• Provided entries
╭──

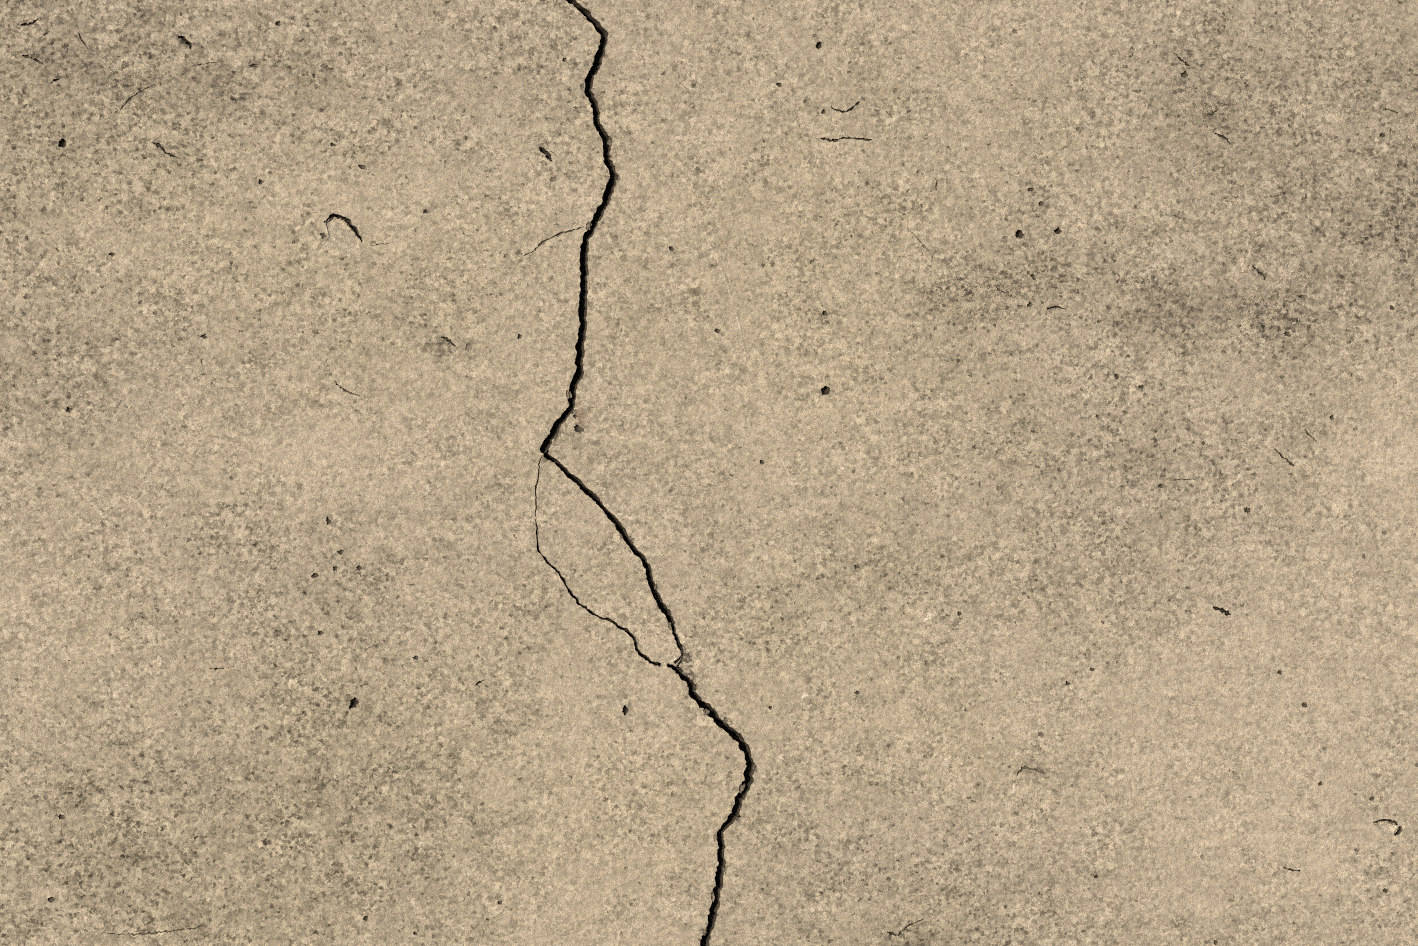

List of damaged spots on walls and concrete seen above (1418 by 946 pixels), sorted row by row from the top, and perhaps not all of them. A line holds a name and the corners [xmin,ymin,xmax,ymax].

crack [524,0,757,946]
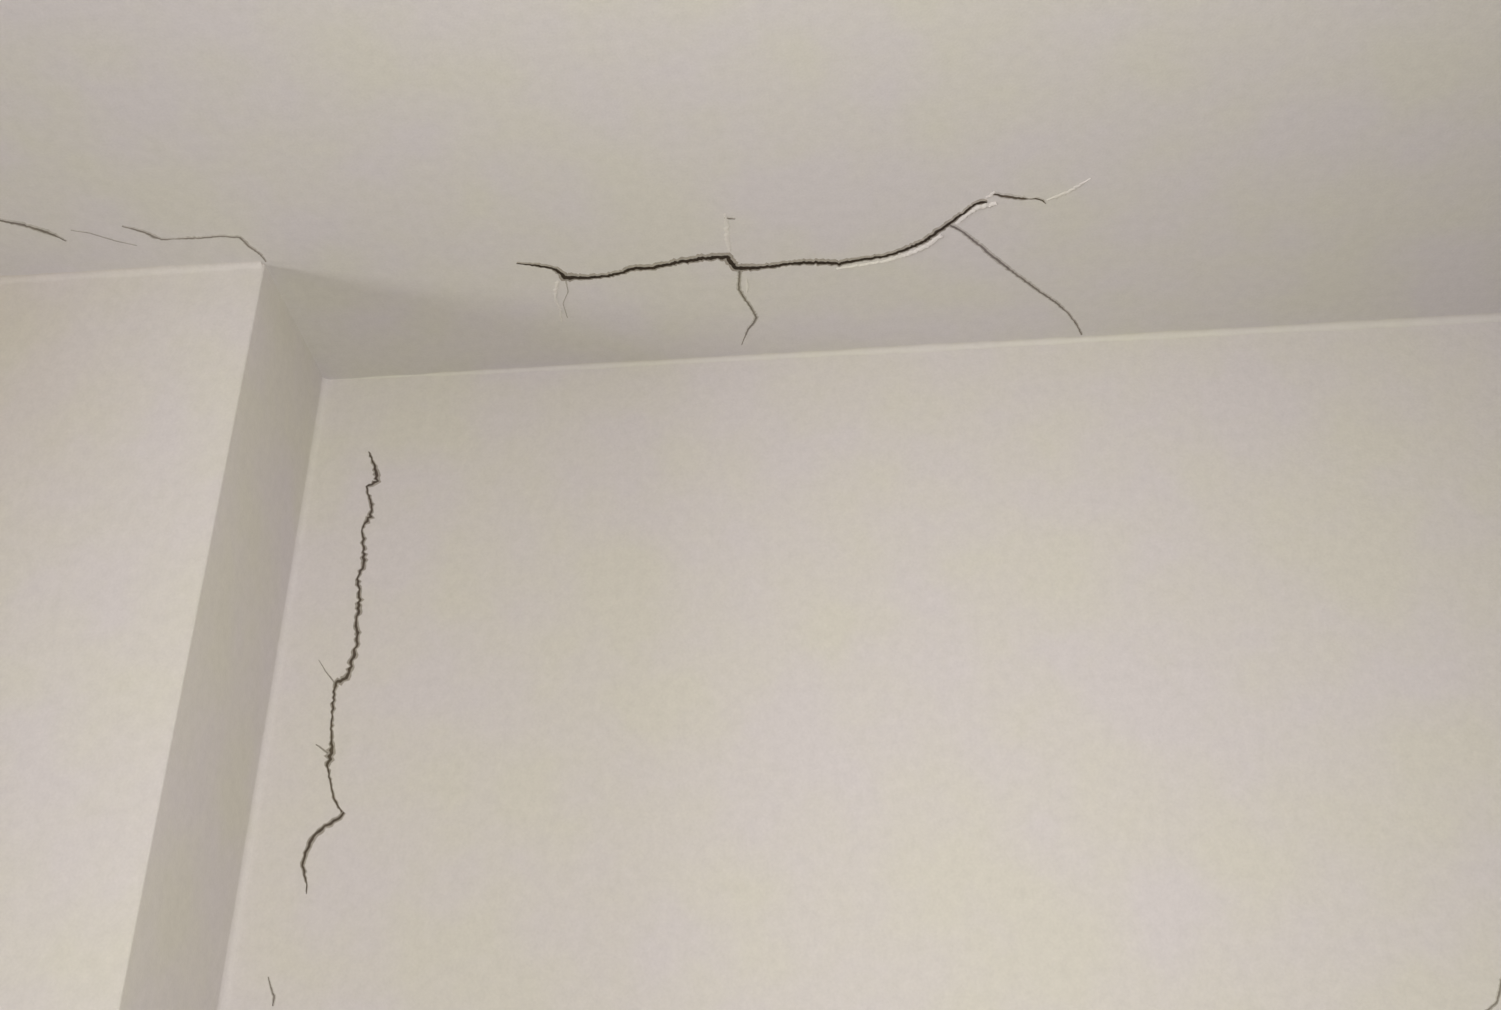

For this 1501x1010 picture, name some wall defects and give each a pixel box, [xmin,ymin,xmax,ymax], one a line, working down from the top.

crack [0,218,267,262]
crack [516,177,1091,345]
crack [300,452,381,894]
crack [1485,977,1501,1010]
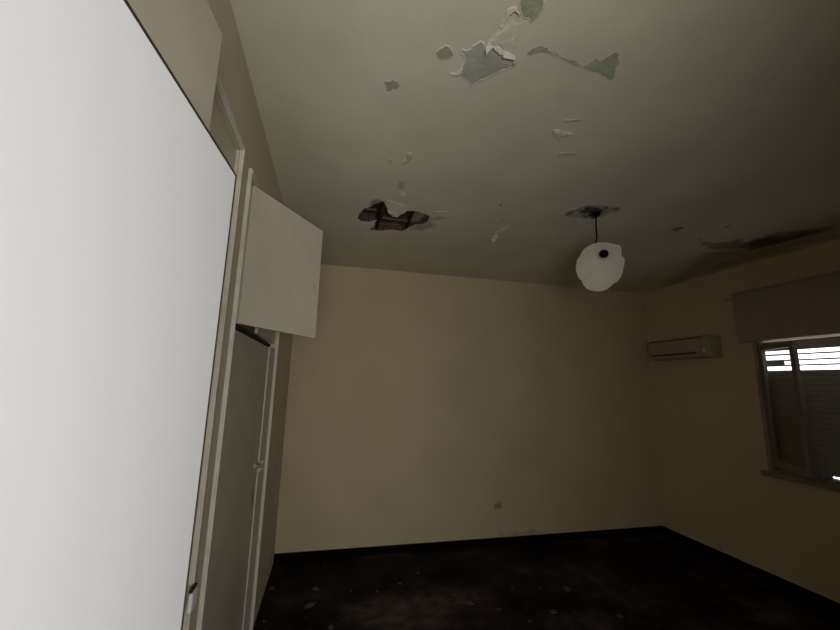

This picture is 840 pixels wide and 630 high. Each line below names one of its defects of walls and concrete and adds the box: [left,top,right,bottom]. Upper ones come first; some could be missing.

peeling [435,0,547,88]
peeling [581,51,621,81]
spalling [357,180,452,233]
damp [654,220,840,289]
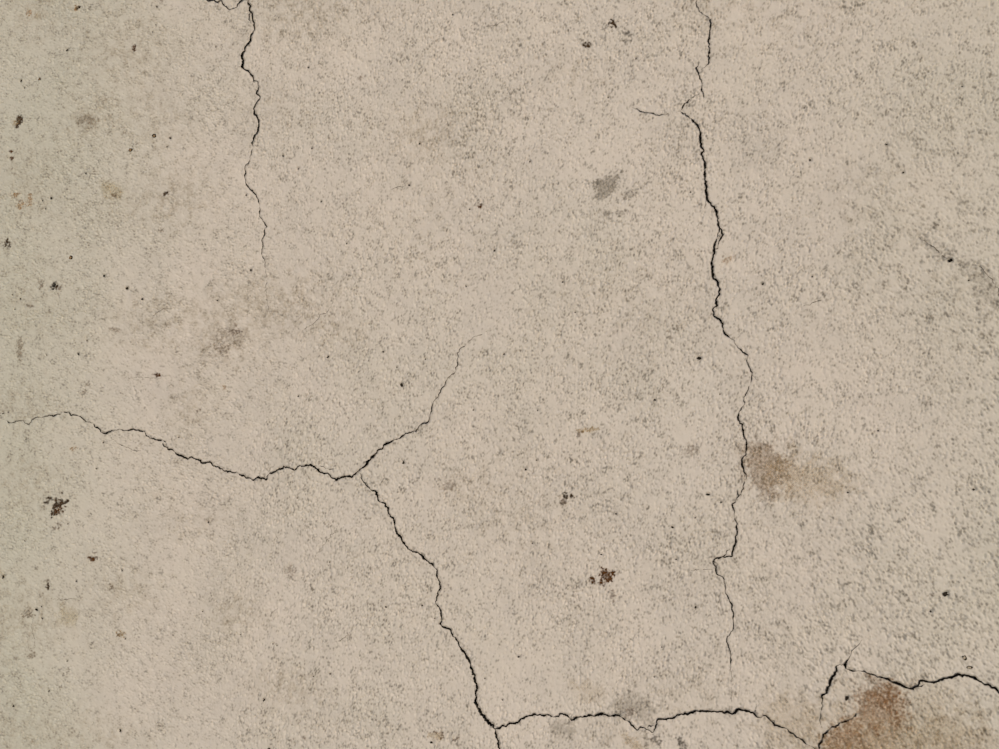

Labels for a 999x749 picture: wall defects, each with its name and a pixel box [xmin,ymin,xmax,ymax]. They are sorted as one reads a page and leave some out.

crack [207,0,270,313]
crack [0,331,999,749]
crack [634,0,757,676]
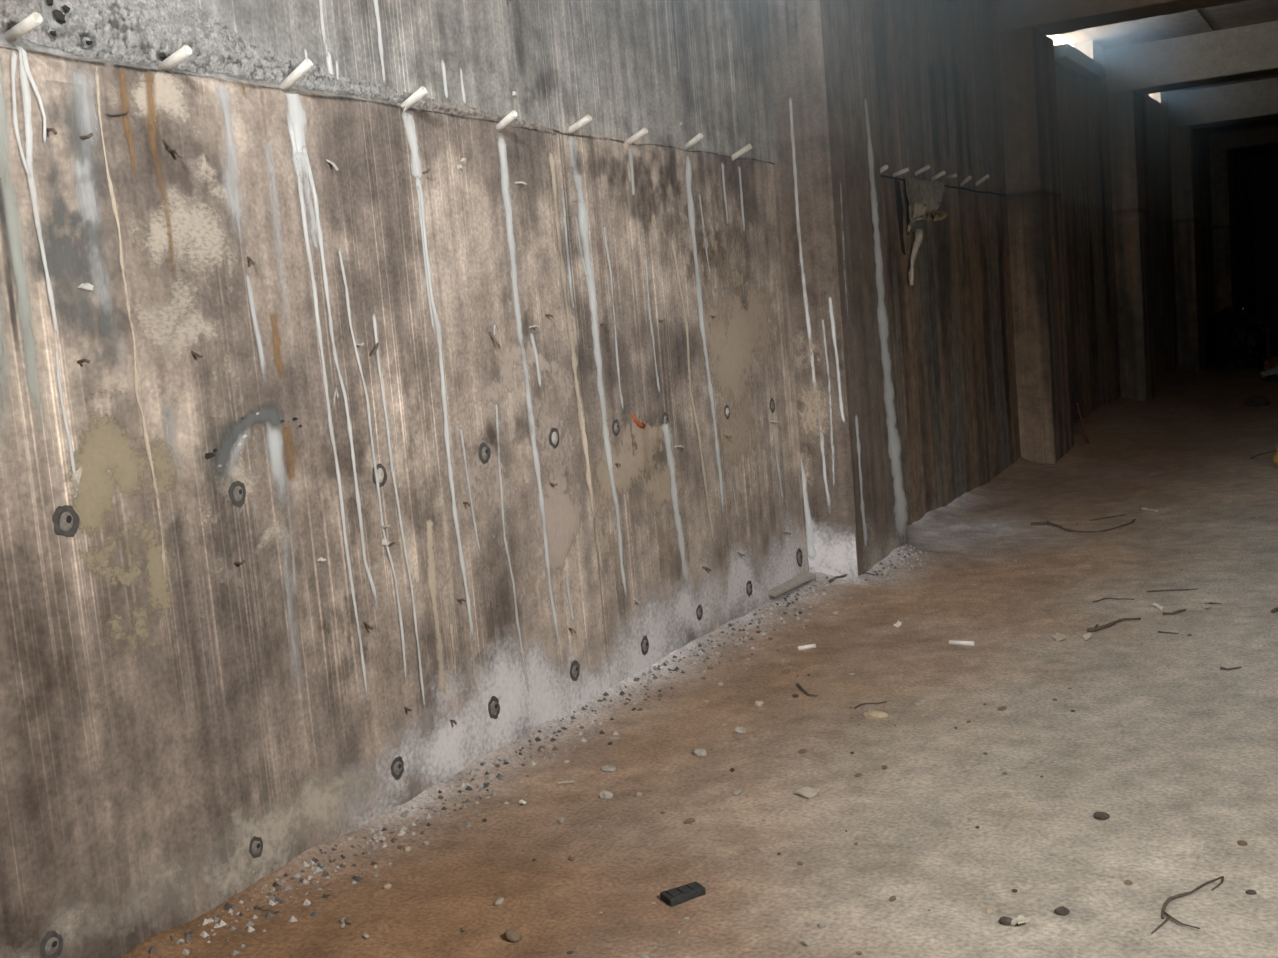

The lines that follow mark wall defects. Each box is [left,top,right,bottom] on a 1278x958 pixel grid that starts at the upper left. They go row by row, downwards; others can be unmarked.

rust [147,74,161,180]
damp [0,47,110,404]
damp [55,350,76,473]
damp [203,87,907,895]
damp [56,910,99,940]
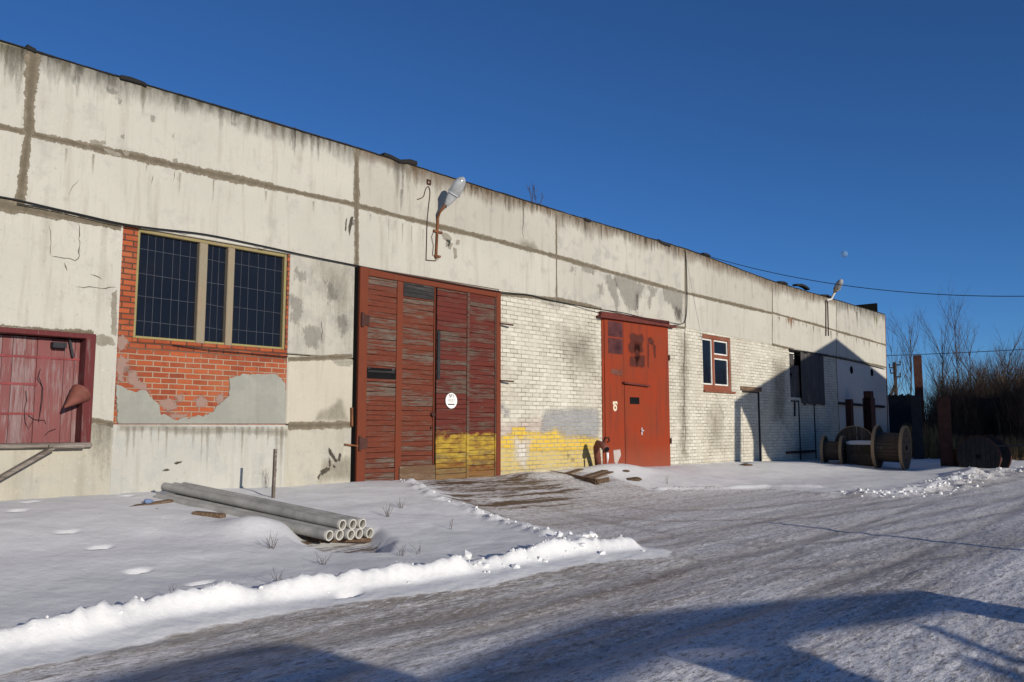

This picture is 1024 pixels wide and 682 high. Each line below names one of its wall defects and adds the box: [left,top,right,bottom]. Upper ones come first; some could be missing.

crack [49,223,117,289]
flaking render [96,290,287,430]
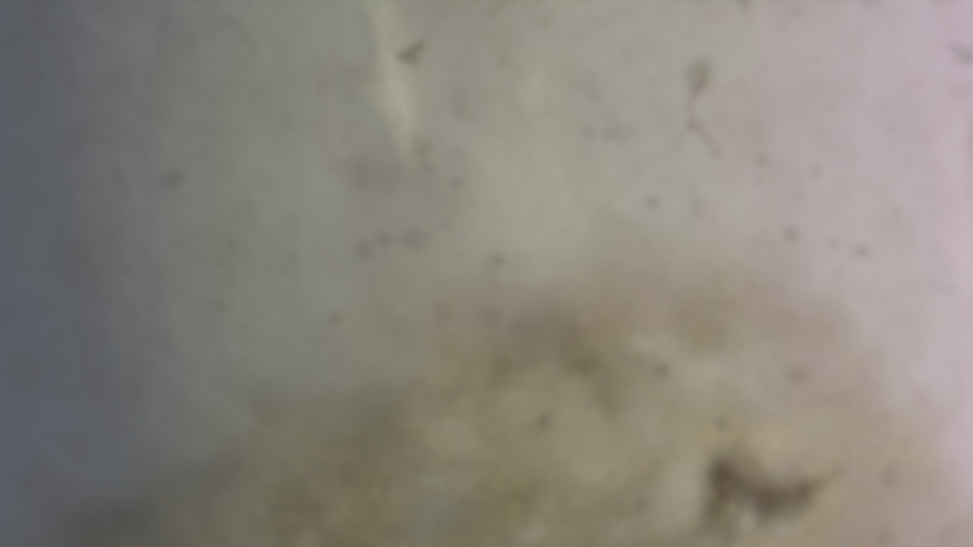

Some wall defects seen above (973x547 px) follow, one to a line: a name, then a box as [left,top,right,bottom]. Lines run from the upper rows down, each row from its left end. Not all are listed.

damp [169,297,914,547]
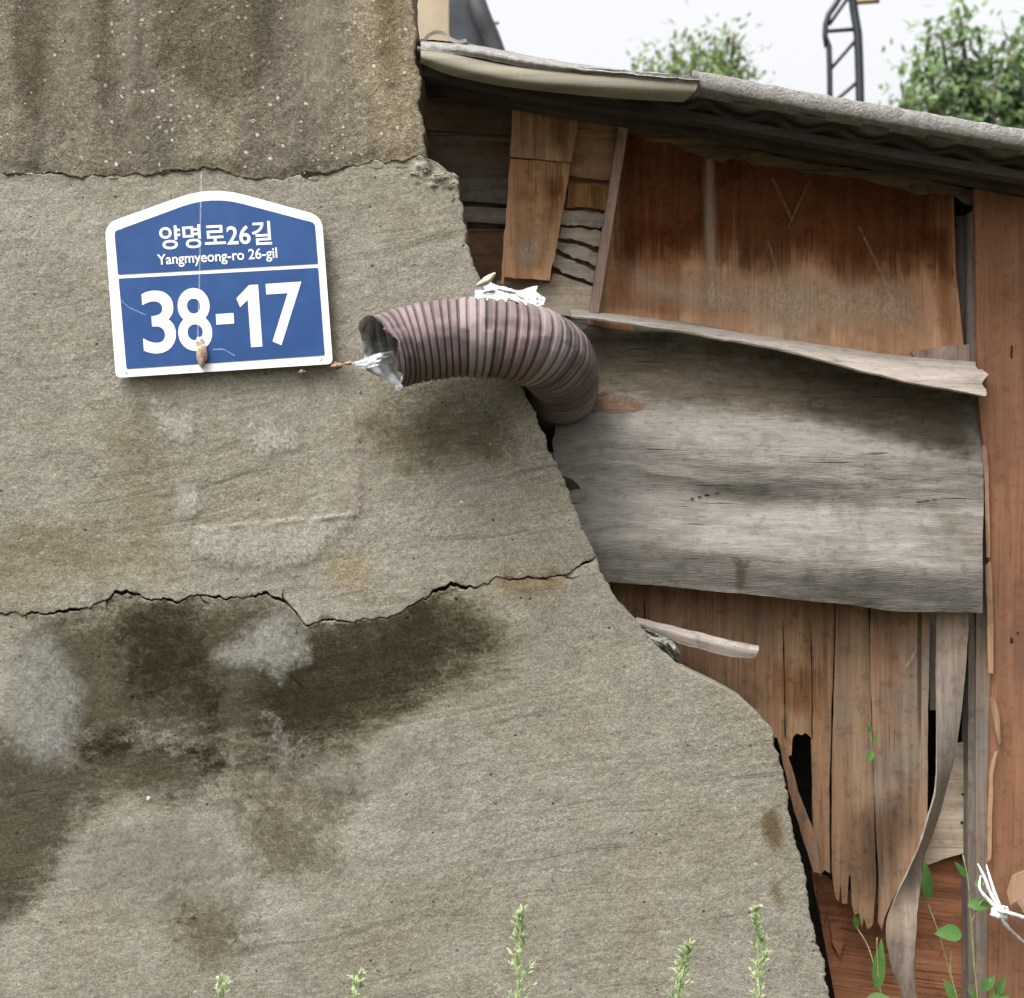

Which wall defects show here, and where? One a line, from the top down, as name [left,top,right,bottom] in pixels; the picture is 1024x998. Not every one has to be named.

crack [3,170,67,178]
crack [158,168,201,176]
crack [301,164,409,181]
crack [0,560,591,627]
leakage [217,613,308,675]
leakage [10,638,78,759]

╰──

• Activity
Please retype, exactly and only, the lines from the one holding "This picture is 1024" to the end of the entries, both ends included, without any pictures.

• Written solution
This picture is 1024 pixels wide and 682 high. Each line below names one of its wall defects and adds the box: [left,top,right,bottom]. Upper ones come first; some could be missing.

crack [49,223,117,289]
flaking render [96,290,287,430]

Some wall defects seen above (973x547 px) follow, one to a line: a name, then a box as [left,top,right,bottom]. Lines run from the upper rows down, each row from its left end. Not all are listed.

damp [169,297,914,547]

Which wall defects show here, and where? One a line, from the top down, as name [left,top,right,bottom] in pixels; the picture is 1024x998. Not every one has to be named.

crack [3,170,67,178]
crack [158,168,201,176]
crack [301,164,409,181]
crack [0,560,591,627]
leakage [217,613,308,675]
leakage [10,638,78,759]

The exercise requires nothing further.